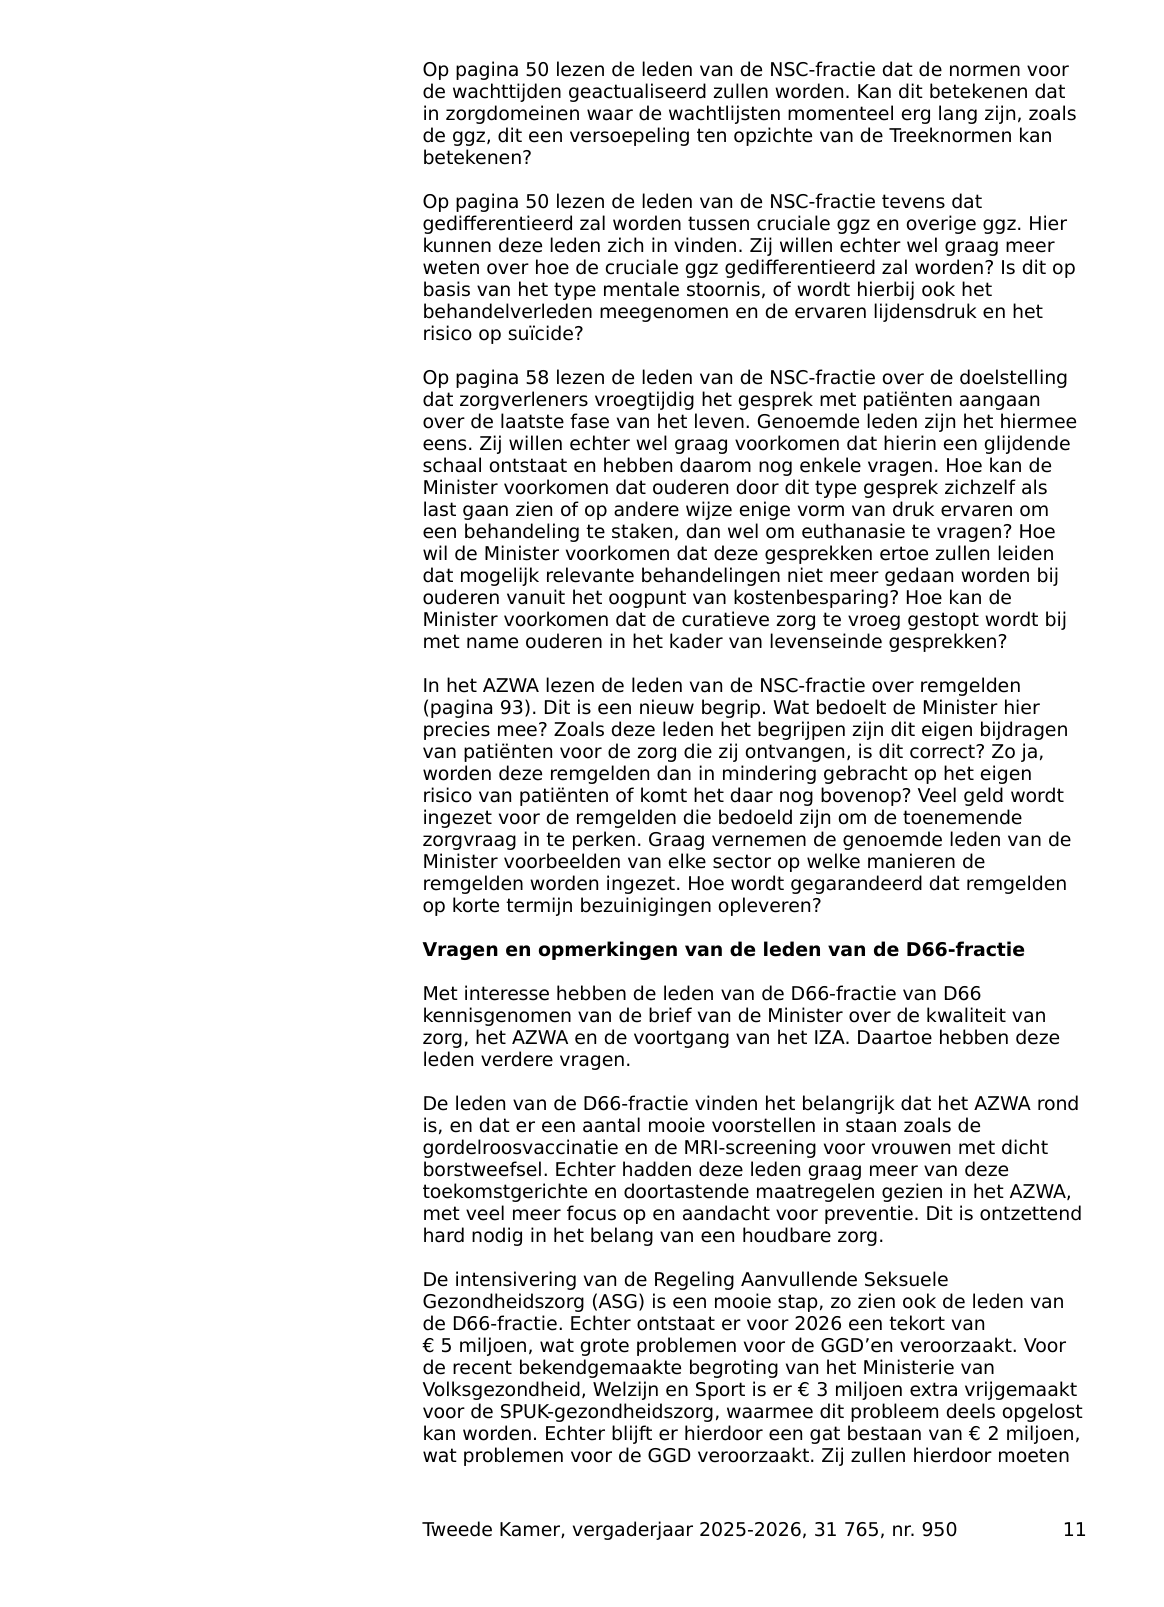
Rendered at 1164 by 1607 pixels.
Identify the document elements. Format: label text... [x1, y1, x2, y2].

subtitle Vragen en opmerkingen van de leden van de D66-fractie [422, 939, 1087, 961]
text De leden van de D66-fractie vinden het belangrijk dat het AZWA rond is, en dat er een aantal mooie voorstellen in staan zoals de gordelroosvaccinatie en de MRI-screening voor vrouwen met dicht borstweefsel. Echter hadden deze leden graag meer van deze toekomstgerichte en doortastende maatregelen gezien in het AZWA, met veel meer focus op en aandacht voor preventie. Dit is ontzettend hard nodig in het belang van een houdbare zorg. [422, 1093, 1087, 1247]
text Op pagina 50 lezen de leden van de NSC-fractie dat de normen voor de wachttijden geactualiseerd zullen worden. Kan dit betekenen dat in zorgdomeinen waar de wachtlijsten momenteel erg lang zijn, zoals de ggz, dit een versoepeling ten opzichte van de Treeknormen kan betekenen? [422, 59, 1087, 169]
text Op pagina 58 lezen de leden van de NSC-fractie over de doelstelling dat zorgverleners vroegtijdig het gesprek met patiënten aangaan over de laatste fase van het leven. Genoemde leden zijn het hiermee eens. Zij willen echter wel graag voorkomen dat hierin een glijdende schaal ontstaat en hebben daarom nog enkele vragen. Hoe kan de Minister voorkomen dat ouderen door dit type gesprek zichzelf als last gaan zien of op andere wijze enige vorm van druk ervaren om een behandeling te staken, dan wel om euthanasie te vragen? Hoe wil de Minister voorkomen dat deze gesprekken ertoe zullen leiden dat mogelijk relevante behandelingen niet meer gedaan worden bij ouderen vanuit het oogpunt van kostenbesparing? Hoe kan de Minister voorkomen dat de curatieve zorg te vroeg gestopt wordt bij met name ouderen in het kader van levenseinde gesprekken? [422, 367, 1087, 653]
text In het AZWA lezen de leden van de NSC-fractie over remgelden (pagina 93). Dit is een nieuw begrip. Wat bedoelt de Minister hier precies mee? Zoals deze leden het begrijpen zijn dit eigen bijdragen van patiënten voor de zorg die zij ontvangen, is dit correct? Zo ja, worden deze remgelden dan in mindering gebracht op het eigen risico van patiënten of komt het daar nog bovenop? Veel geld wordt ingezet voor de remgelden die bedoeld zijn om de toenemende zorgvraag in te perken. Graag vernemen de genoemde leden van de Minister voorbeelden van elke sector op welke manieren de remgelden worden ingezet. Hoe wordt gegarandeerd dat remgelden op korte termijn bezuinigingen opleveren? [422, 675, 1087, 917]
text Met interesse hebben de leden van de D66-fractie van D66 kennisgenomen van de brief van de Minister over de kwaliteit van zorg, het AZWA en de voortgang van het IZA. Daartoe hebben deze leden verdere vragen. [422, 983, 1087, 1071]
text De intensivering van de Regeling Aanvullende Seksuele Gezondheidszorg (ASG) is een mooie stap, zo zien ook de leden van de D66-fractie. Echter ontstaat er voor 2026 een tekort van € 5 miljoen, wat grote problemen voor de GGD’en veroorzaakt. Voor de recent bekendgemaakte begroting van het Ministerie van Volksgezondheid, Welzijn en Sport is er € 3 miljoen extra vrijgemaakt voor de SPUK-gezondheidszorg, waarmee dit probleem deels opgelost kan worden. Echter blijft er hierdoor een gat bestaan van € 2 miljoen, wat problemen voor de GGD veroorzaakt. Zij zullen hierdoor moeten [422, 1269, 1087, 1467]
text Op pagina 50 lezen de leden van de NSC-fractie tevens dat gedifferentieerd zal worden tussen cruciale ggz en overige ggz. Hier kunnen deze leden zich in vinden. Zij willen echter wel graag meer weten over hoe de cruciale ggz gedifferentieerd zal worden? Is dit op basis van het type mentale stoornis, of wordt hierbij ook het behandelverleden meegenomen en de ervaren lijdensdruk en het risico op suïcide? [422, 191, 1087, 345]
==
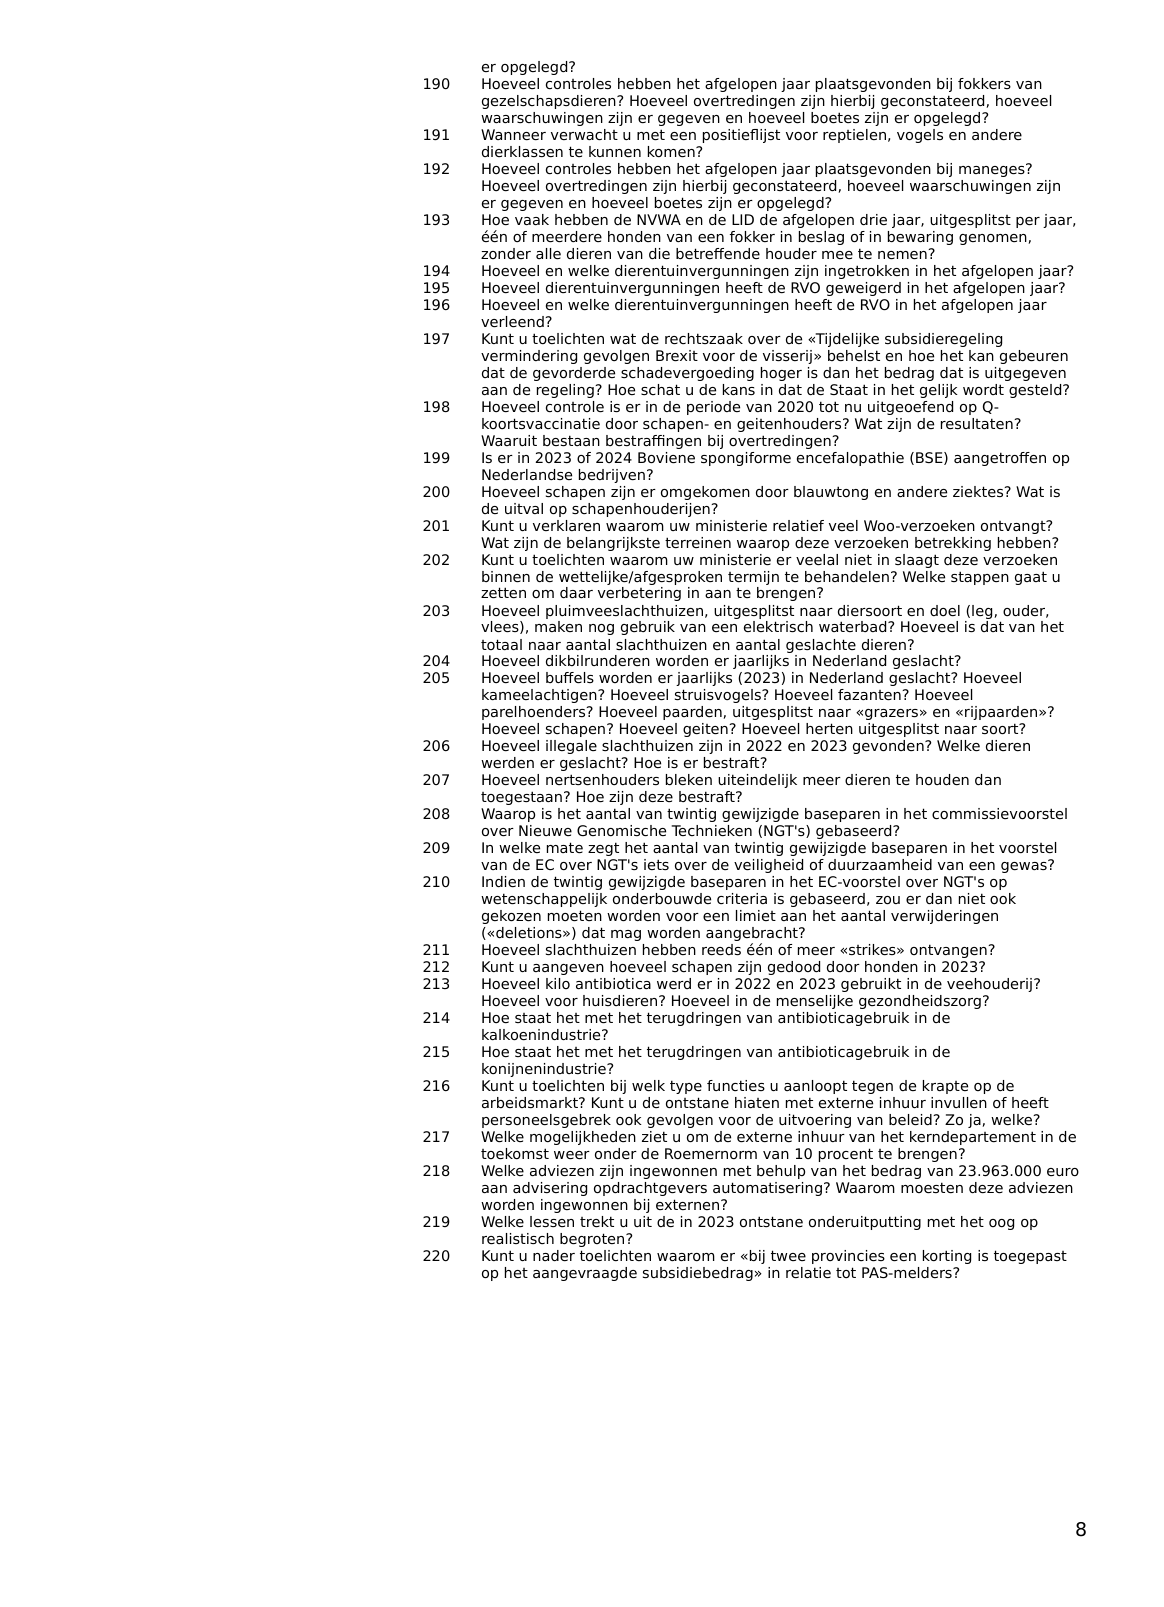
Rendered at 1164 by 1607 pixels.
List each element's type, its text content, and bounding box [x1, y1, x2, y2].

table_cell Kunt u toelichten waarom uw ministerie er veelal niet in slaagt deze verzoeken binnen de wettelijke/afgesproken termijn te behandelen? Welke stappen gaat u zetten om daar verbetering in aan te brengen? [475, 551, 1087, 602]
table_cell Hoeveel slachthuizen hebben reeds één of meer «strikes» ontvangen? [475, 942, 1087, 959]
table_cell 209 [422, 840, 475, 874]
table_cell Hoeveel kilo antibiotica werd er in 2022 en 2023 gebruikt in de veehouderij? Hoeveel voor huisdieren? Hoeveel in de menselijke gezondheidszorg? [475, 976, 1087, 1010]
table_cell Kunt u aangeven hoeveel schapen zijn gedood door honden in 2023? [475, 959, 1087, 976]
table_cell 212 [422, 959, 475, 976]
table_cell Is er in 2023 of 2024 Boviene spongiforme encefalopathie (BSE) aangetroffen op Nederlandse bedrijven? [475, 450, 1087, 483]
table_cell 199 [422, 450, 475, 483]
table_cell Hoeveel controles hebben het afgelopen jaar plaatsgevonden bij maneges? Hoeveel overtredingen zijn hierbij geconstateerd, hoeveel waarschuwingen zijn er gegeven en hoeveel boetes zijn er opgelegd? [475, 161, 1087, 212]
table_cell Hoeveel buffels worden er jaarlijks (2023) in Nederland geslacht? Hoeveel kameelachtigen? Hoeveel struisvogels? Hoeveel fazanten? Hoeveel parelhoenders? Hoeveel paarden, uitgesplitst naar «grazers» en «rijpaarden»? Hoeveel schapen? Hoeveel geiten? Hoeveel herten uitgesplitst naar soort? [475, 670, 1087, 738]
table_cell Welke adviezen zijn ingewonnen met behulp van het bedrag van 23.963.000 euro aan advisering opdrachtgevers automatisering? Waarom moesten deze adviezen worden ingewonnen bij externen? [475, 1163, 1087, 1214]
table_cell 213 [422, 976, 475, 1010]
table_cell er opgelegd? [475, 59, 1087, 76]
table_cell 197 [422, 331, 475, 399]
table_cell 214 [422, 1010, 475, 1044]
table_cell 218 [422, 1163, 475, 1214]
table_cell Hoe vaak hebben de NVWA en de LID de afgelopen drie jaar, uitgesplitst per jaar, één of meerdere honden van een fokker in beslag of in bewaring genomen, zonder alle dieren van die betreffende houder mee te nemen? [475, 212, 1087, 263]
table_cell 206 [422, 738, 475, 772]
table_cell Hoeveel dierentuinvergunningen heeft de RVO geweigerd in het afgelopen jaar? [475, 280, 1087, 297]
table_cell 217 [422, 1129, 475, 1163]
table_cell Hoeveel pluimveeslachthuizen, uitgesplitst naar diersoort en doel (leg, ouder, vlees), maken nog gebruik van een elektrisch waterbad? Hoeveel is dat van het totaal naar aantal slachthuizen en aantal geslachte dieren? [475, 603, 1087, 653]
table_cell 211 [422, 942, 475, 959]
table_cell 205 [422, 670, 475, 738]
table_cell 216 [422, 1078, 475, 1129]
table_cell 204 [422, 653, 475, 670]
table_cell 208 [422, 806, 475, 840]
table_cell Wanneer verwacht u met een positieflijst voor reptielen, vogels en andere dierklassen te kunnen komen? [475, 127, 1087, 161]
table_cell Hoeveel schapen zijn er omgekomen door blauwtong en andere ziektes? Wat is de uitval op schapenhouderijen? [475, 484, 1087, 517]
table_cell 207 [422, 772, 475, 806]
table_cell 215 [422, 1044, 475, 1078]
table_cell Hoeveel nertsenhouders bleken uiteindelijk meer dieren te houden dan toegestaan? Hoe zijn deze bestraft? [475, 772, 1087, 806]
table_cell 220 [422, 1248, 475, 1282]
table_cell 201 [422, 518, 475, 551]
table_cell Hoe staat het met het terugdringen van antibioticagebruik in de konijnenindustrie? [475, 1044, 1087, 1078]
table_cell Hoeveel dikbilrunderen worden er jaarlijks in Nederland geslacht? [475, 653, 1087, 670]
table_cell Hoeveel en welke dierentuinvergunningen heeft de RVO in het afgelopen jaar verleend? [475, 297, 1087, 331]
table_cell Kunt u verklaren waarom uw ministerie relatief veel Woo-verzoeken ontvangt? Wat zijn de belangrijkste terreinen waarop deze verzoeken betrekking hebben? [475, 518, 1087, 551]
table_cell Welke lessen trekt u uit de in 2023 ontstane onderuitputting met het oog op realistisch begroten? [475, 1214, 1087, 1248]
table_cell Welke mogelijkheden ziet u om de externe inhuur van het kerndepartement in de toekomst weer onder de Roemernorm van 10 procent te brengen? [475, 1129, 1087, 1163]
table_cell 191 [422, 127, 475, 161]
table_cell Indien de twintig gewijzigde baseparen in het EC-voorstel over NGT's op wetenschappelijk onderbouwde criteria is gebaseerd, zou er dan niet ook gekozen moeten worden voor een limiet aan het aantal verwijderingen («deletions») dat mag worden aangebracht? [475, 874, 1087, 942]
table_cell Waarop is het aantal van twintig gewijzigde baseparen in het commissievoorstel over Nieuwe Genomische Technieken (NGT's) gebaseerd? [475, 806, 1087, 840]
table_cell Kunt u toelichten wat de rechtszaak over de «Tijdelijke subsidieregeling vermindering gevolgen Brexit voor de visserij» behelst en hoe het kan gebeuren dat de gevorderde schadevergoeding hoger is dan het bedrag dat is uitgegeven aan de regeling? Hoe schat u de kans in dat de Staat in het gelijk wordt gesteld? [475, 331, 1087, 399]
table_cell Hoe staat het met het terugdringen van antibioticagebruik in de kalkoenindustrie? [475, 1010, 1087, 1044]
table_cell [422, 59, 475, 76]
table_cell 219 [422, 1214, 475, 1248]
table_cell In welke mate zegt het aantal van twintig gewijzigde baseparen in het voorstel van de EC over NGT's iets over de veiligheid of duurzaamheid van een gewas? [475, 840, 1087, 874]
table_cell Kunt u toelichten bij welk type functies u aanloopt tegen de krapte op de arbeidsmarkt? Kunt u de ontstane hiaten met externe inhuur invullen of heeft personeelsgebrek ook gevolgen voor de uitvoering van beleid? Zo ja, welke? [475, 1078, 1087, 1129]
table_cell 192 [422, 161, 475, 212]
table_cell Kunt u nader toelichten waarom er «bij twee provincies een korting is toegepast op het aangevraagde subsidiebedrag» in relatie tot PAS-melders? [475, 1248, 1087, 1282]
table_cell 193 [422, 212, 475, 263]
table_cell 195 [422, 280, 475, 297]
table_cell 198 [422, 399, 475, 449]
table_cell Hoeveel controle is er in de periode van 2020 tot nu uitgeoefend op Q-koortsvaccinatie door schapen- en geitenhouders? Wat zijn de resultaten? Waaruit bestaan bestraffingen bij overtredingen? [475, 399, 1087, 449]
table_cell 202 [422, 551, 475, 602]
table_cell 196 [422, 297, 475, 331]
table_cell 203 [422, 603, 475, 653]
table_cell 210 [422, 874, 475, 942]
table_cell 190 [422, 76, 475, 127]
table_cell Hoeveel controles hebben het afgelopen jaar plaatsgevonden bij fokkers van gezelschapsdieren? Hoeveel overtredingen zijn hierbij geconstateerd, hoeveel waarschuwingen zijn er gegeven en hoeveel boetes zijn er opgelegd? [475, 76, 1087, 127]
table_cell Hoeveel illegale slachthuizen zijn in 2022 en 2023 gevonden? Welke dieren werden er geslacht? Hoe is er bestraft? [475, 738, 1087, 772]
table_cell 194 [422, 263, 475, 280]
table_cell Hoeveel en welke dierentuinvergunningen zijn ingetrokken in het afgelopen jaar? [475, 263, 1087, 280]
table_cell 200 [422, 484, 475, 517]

» **ACTION ITEM**
What do the lines above say from the one containing "table_cell 202 [422, 551, 475, 602]" down to the one containing "table_cell 200 [422, 484, 475, 517]"? Return them exactly, both end lines included, and only them.

» **SOLUTION**
table_cell 202 [422, 551, 475, 602]
table_cell 196 [422, 297, 475, 331]
table_cell 203 [422, 603, 475, 653]
table_cell 210 [422, 874, 475, 942]
table_cell 190 [422, 76, 475, 127]
table_cell Hoeveel controles hebben het afgelopen jaar plaatsgevonden bij fokkers van gezelschapsdieren? Hoeveel overtredingen zijn hierbij geconstateerd, hoeveel waarschuwingen zijn er gegeven en hoeveel boetes zijn er opgelegd? [475, 76, 1087, 127]
table_cell Hoeveel illegale slachthuizen zijn in 2022 en 2023 gevonden? Welke dieren werden er geslacht? Hoe is er bestraft? [475, 738, 1087, 772]
table_cell 194 [422, 263, 475, 280]
table_cell Hoeveel en welke dierentuinvergunningen zijn ingetrokken in het afgelopen jaar? [475, 263, 1087, 280]
table_cell 200 [422, 484, 475, 517]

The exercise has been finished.